Segundo o SNIS 2015, o Estado do Amazonas tem 62 municípios, dos quais 31 deles informaram dados ao Ministério das Cidades. Verificamos que os 30 municípios, além de Manaus, têm péssimos indicadores de saneamento e saúde e destes, 14 municípios têm indicador de atendimento de água menor que 50%. De acordo com a FUNASA (Fundação Nacional da Saúde), temos 18 municípios do estado do Amazonas distribuindo água bruta, retirada diretamente dos rios, sem nenhum tratamento para a população. Com este exemplo podemos afirmar que a manutenção deste artigo no texto do governo vai piorar a situação do saneamento ambiental do Brasil.

Não bastando o problema apontado acima, quebra da lógica do subsídio cruzado, observamos que é direito da administração optar pela prestação direta dos serviços de saneamento básico e este artigo pode impedir que uma administração coopere com a outra, levando a ganhos sistêmicos para a sociedade.
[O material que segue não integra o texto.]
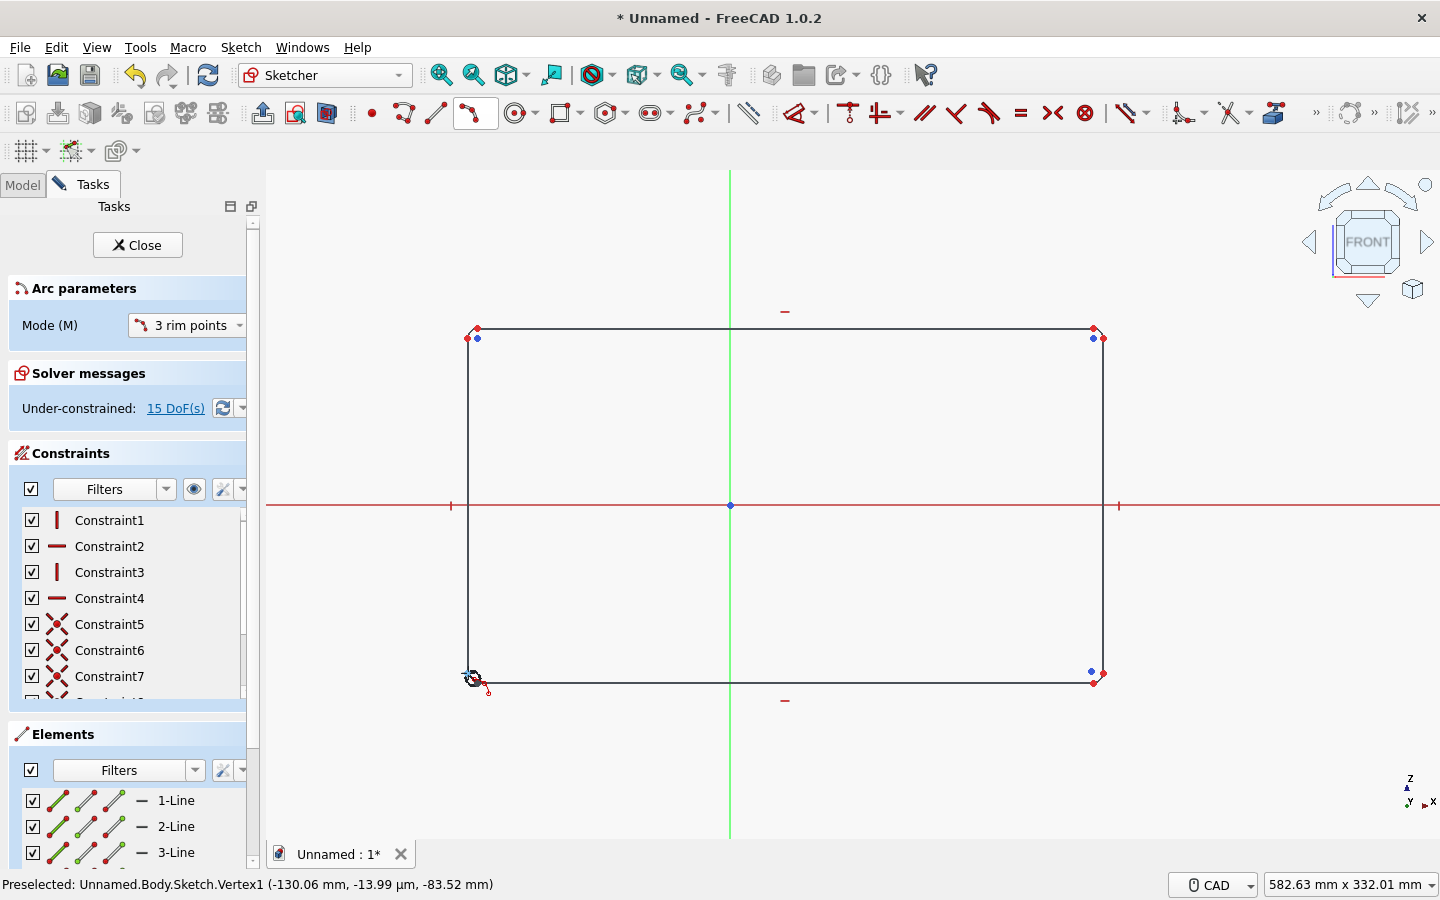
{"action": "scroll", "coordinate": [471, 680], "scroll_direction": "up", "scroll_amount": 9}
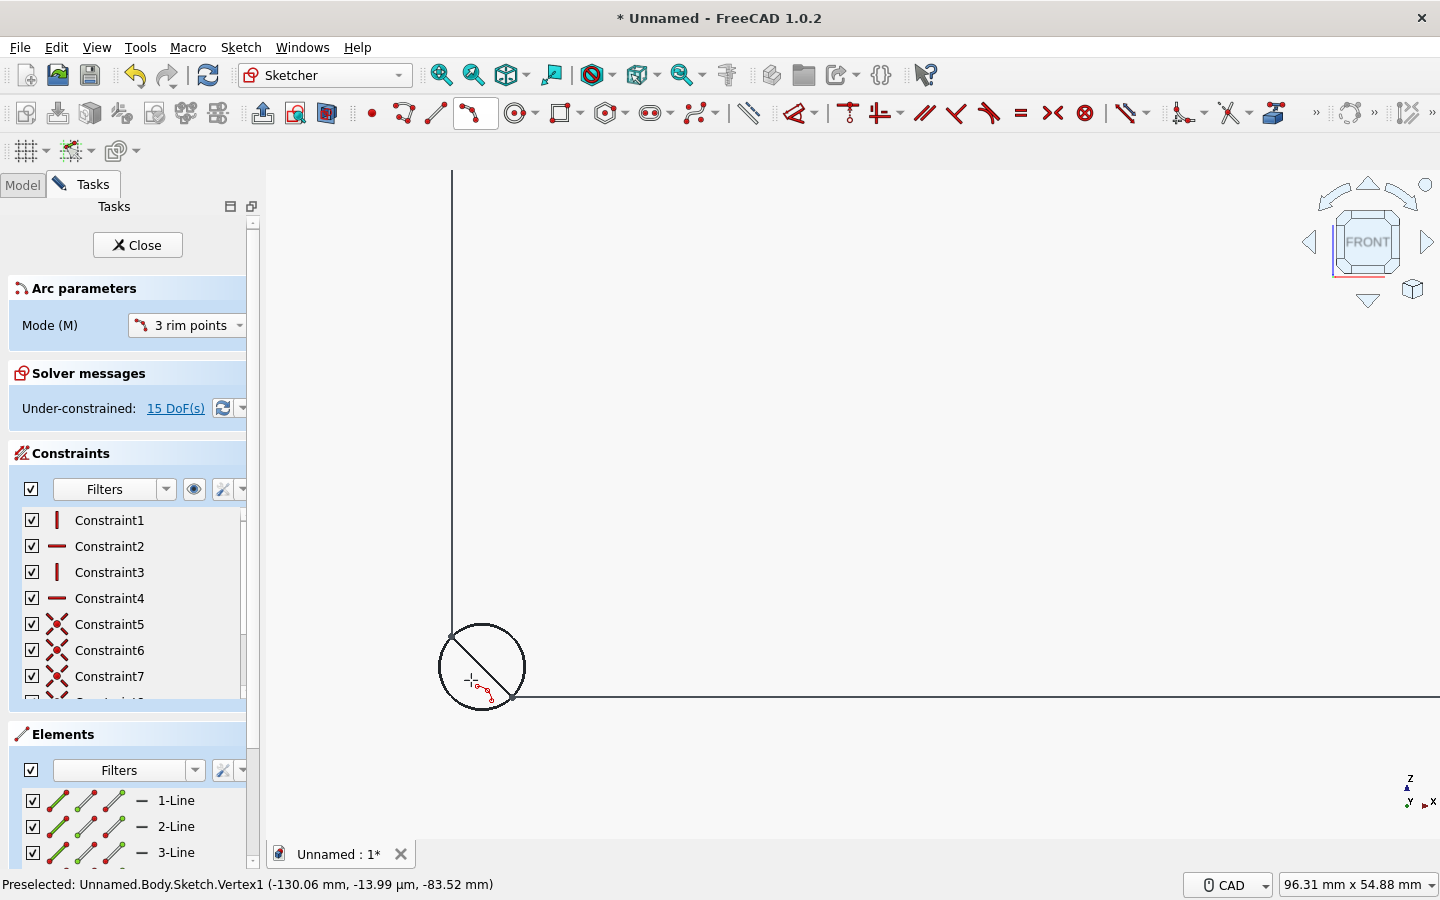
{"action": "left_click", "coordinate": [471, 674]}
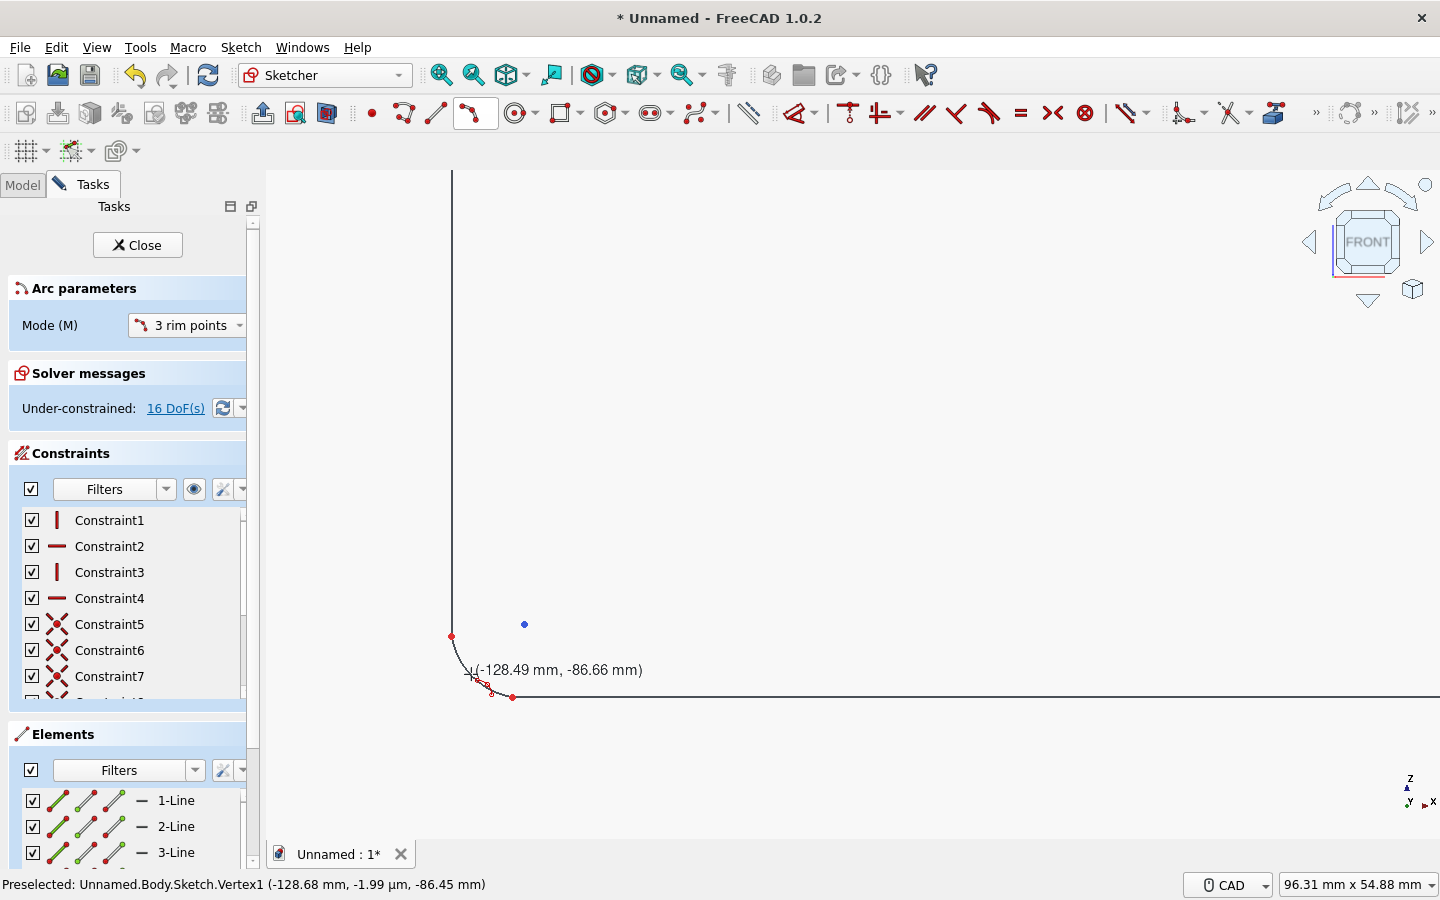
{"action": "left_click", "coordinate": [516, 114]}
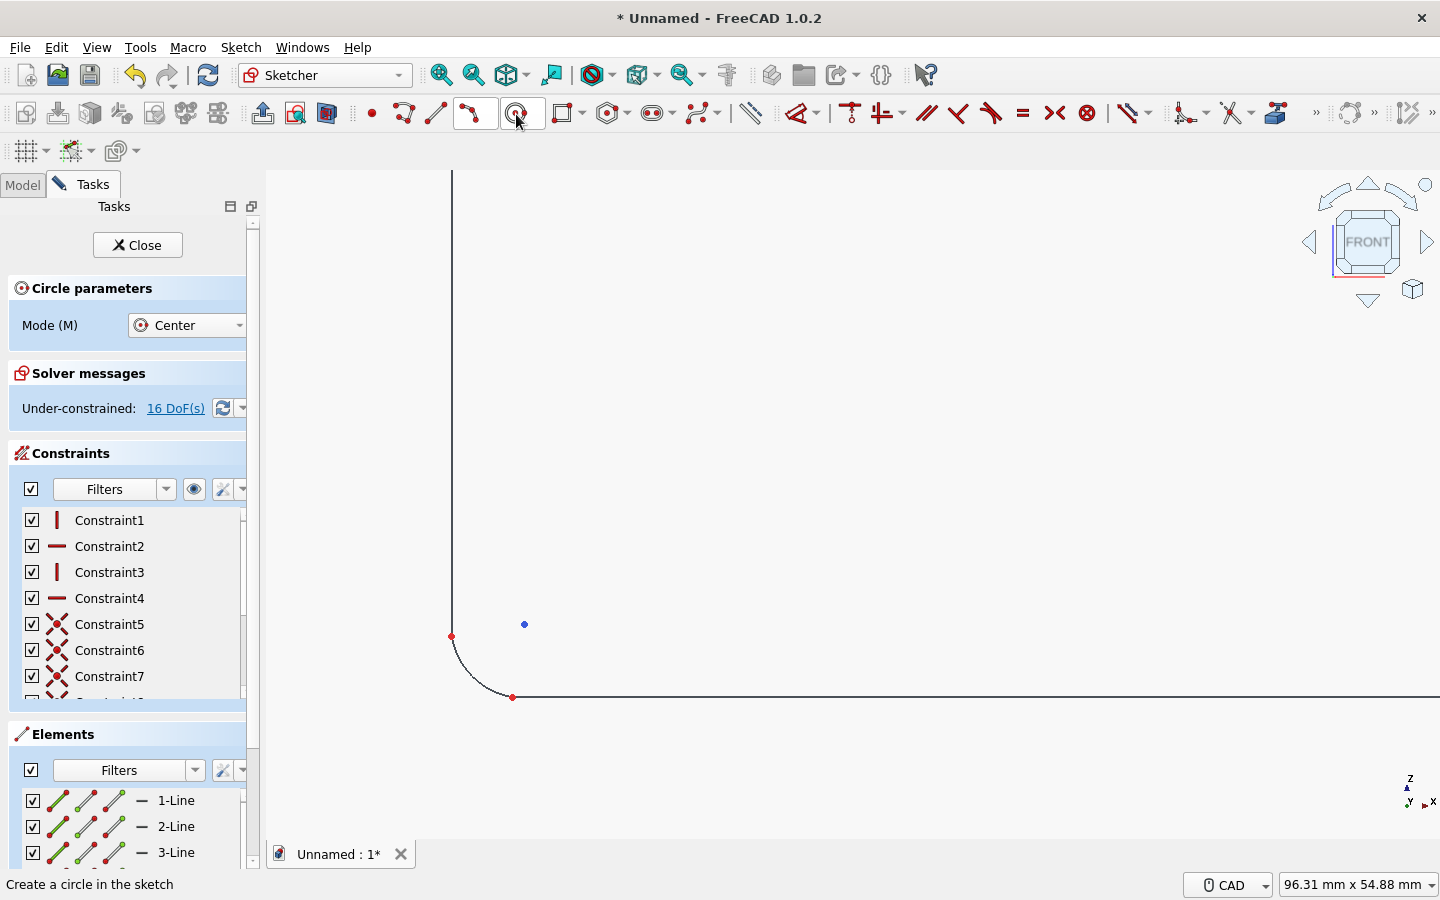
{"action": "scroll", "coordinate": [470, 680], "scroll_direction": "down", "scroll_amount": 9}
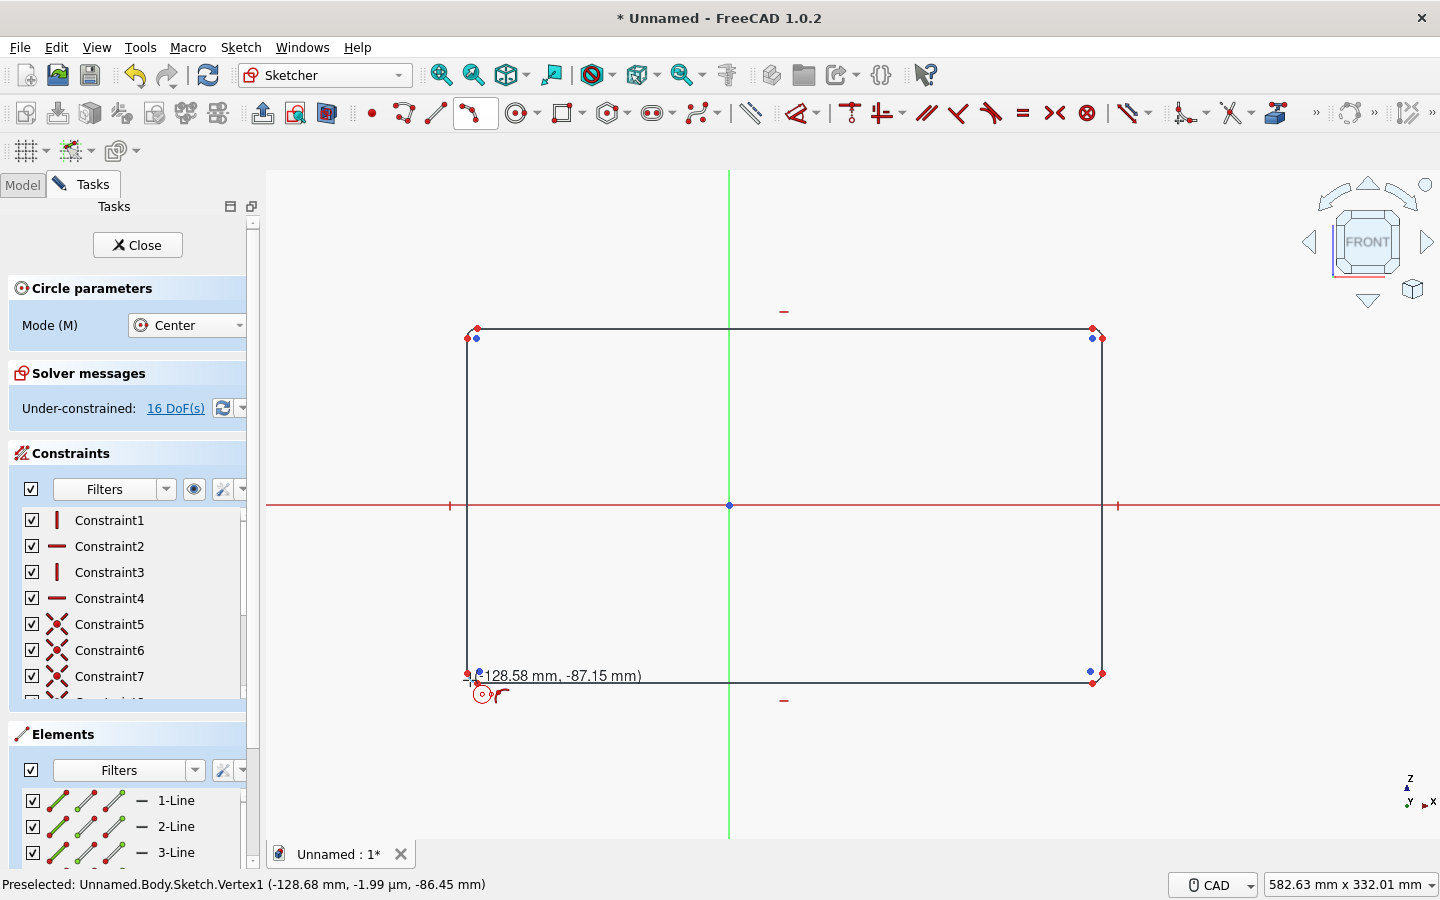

“Esta proposta é como se o governo estivesse tirando dos pobres para dar aos ricos, um Robin Hood às avessas dos nossos tempos, digamos, em um momento que recursos para a saúde estão congelados por 20 anos. Ou seja: não investiremos em saneamento para prevenir doenças nem teremos condições de tratar os doentes. Em pleno século 21, viveremos em um Brasil do século 19”, lamenta o presidente da ABES.

Ranking do Saneamento

Em junho a ABES lançou a edição 2018 do Ranking ABES da Universalização do Saneamento, estudo que demonstra que o Brasil ainda tem muito trabalho para tornar o saneamento acessível a todos os brasileiros. É um país de extremos: enquanto apenas 80 municípios do Brasil estão classificados com pontuação máxima, outros 1.613 sofrem com falta de saneamento. Veja mais aqui: http://abes-dn.org.br/?p=18603.

Sobre a ABES

Com 52 anos de atuação pelo saneamento e meio ambiente no Brasil, a Associação Brasileira de Engenharia Sanitária e Ambiental –ABES reúne em seu corpo associativo cerca de 10.000 profissionais do setor. A ABES tem como missão ser propulsora de atividades técnico-científicas, político-institucionais e de gestão que contribuam para o desenvolvimento do saneamento ambiental, visando à melhoria da saúde, do meio ambiente e da qualidade de vida das pessoas.